DATA FOR ANALYSIS below:

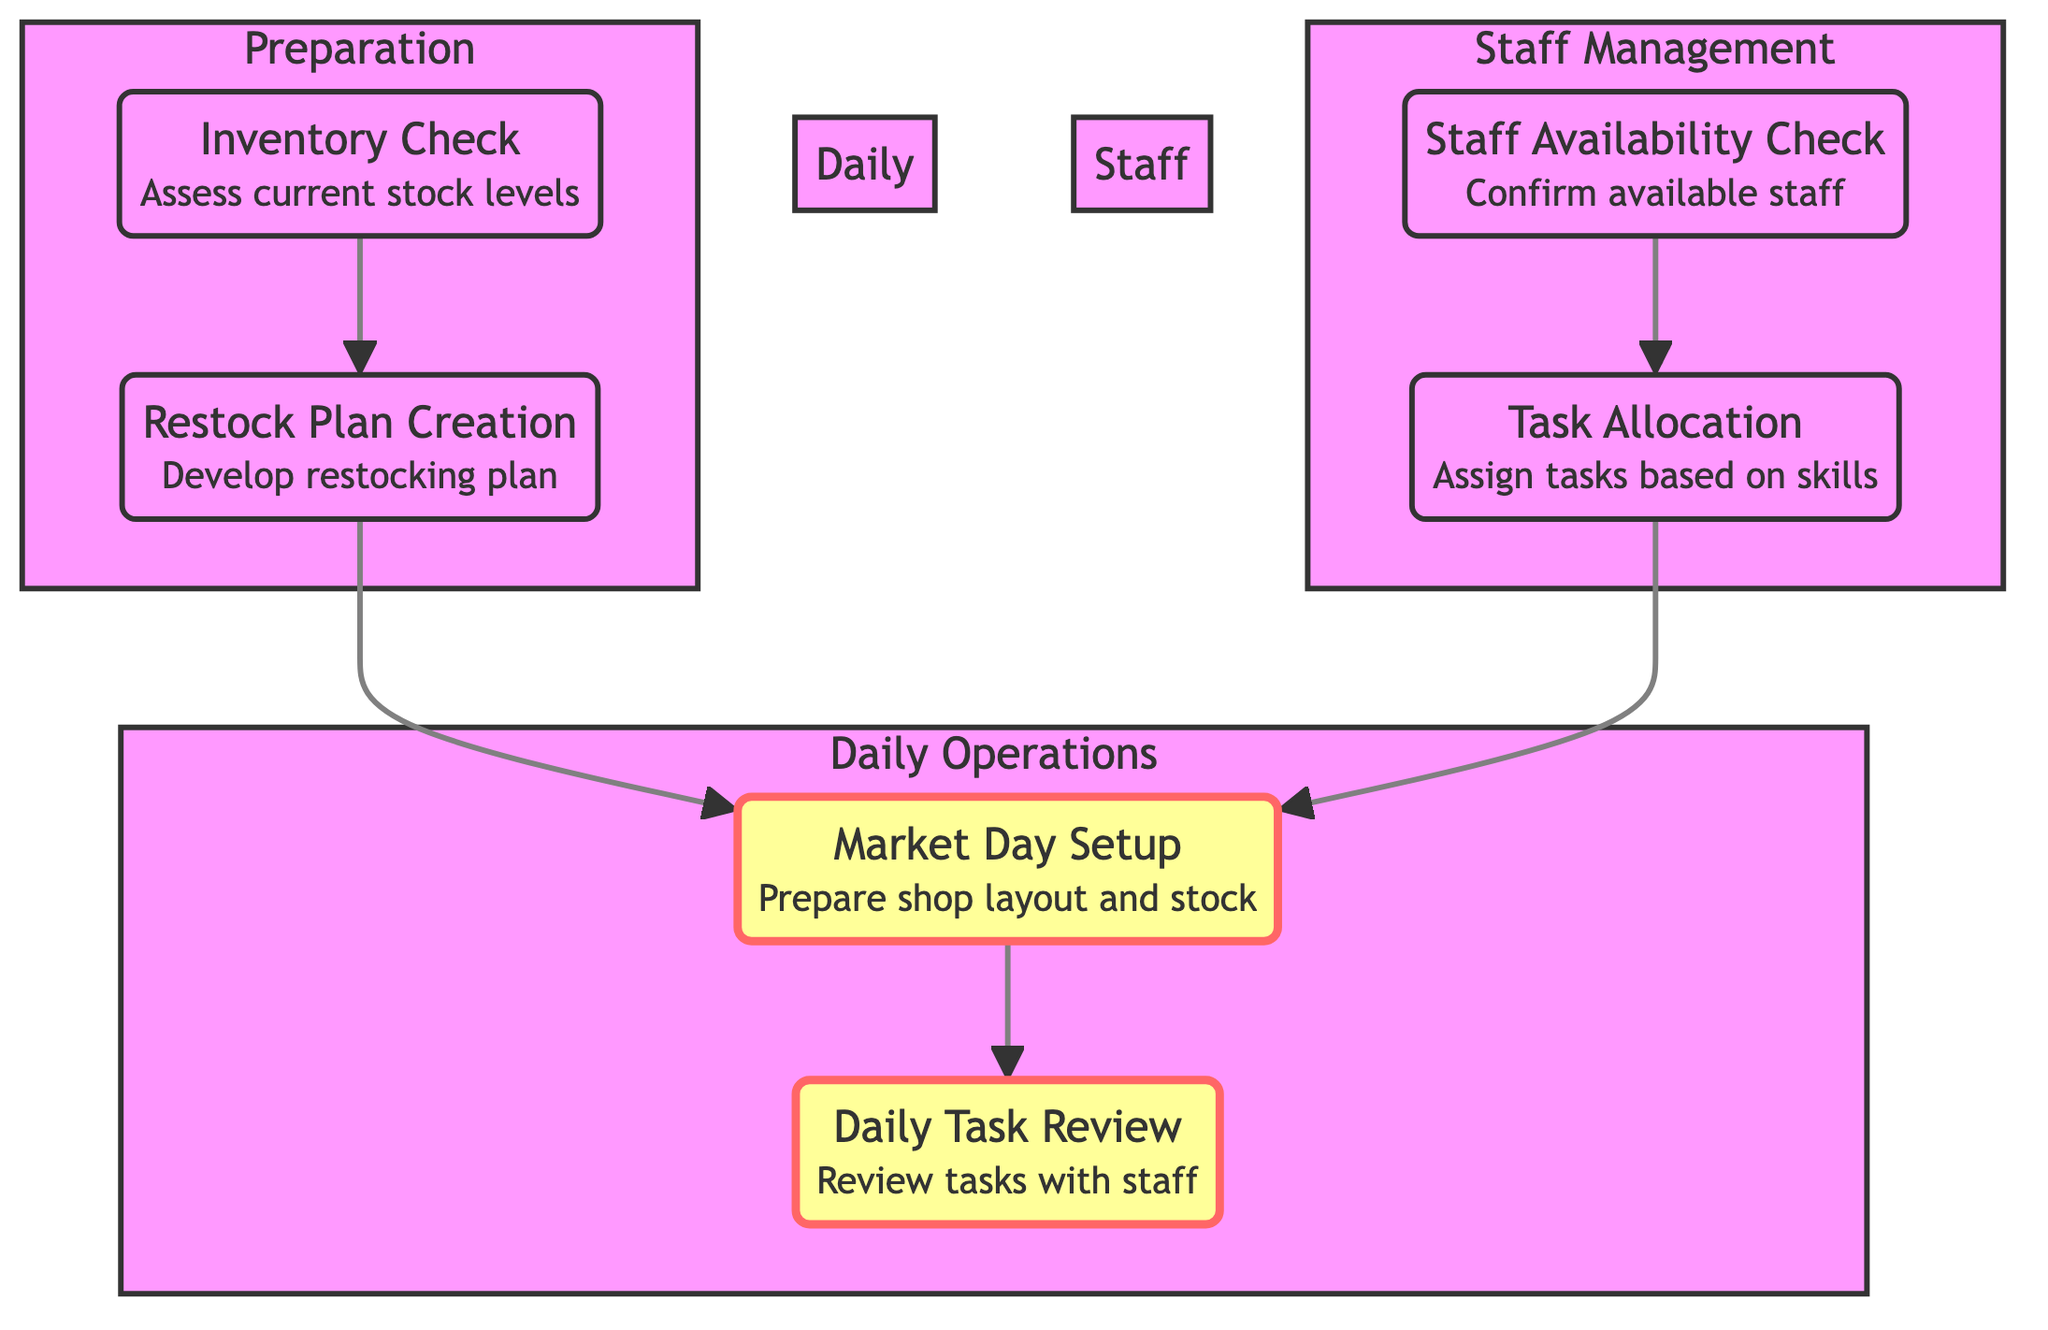What is the first step in the preparation phase? The first step listed in the preparation phase is the "Inventory Check," which assesses the current stock levels.
Answer: Inventory Check How many main sections are in the flow chart? The flow chart has three main sections: Daily Operations, Preparation, and Staff Management.
Answer: Three What is the last step in the Daily Operations section? The last step in the Daily Operations section is "Daily Task Review," which involves reviewing the day's tasks with staff.
Answer: Daily Task Review Which node connects to both "Restock Plan Creation" and "Market Day Setup"? The "Restock Plan Creation" node connects to "Market Day Setup," indicating that the results of the restocking plan are used in setting up for market days.
Answer: Restock Plan Creation What is the relationship between "Staff Availability Check" and "Task Allocation"? "Staff Availability Check" leads to "Task Allocation," meaning that the availability of staff informs how tasks are assigned.
Answer: Leads to What is the purpose of "Task Allocation"? The purpose of "Task Allocation" is to assign tasks to staff based on their skills and availability.
Answer: Assign tasks How many edges are in the diagram? The diagram contains five edges, which connect the different nodes in the flow of the staff scheduling and task allocation process.
Answer: Five Which section includes "Market Day Setup"? "Market Day Setup" is included in the Daily Operations section, which is focused on preparing for market activity.
Answer: Daily Operations What follows after "Market Day Setup"? After "Market Day Setup," the next step is the "Daily Task Review," involving discussion with the staff about the day's tasks.
Answer: Daily Task Review 
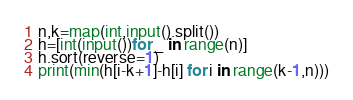<code> <loc_0><loc_0><loc_500><loc_500><_Python_>n,k=map(int,input().split())
h=[int(input())for _ in range(n)]
h.sort(reverse=1)
print(min(h[i-k+1]-h[i] for i in range(k-1,n)))</code> 
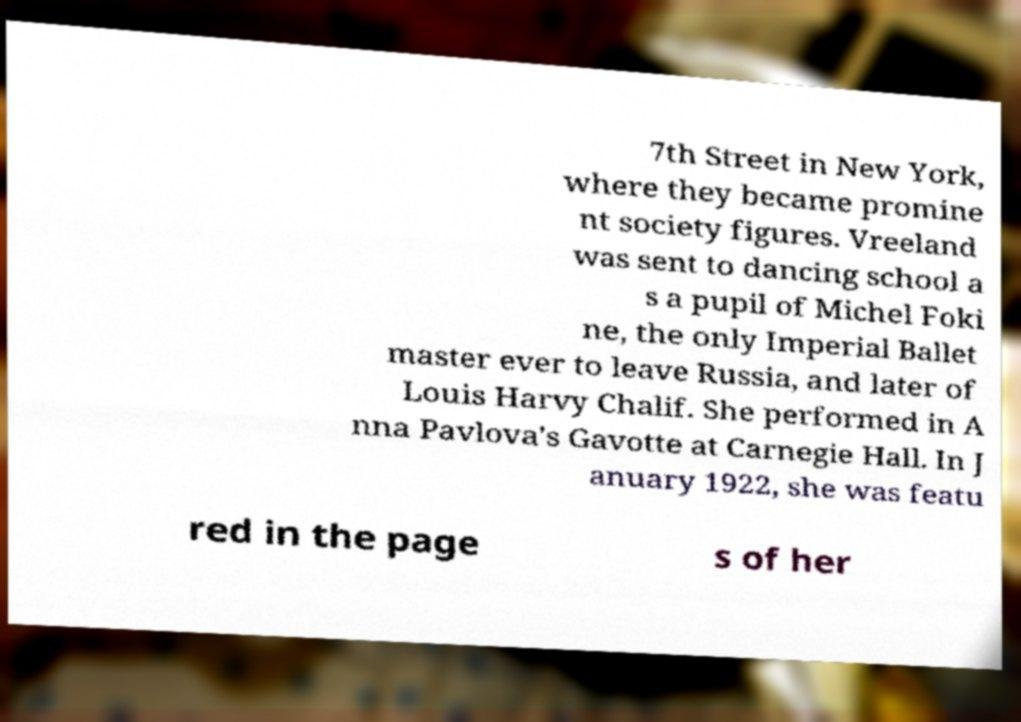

End of DATA FOR ANALYSIS.

PROBLEM TO WORK ON
With the pictures removed, return the data above word for word.

EXERCISE SOLUTION
What is the first step in the preparation phase? The first step listed in the preparation phase is the "Inventory Check," which assesses the current stock levels.
Answer: Inventory Check How many main sections are in the flow chart? The flow chart has three main sections: Daily Operations, Preparation, and Staff Management.
Answer: Three What is the last step in the Daily Operations section? The last step in the Daily Operations section is "Daily Task Review," which involves reviewing the day's tasks with staff.
Answer: Daily Task Review Which node connects to both "Restock Plan Creation" and "Market Day Setup"? The "Restock Plan Creation" node connects to "Market Day Setup," indicating that the results of the restocking plan are used in setting up for market days.
Answer: Restock Plan Creation What is the relationship between "Staff Availability Check" and "Task Allocation"? "Staff Availability Check" leads to "Task Allocation," meaning that the availability of staff informs how tasks are assigned.
Answer: Leads to What is the purpose of "Task Allocation"? The purpose of "Task Allocation" is to assign tasks to staff based on their skills and availability.
Answer: Assign tasks How many edges are in the diagram? The diagram contains five edges, which connect the different nodes in the flow of the staff scheduling and task allocation process.
Answer: Five Which section includes "Market Day Setup"? "Market Day Setup" is included in the Daily Operations section, which is focused on preparing for market activity.
Answer: Daily Operations What follows after "Market Day Setup"? After "Market Day Setup," the next step is the "Daily Task Review," involving discussion with the staff about the day's tasks.
Answer: Daily Task Review 
<code> <loc_0><loc_0><loc_500><loc_500><_Python_>n,k=map(int,input().split())
h=[int(input())for _ in range(n)]
h.sort(reverse=1)
print(min(h[i-k+1]-h[i] for i in range(k-1,n)))</code> 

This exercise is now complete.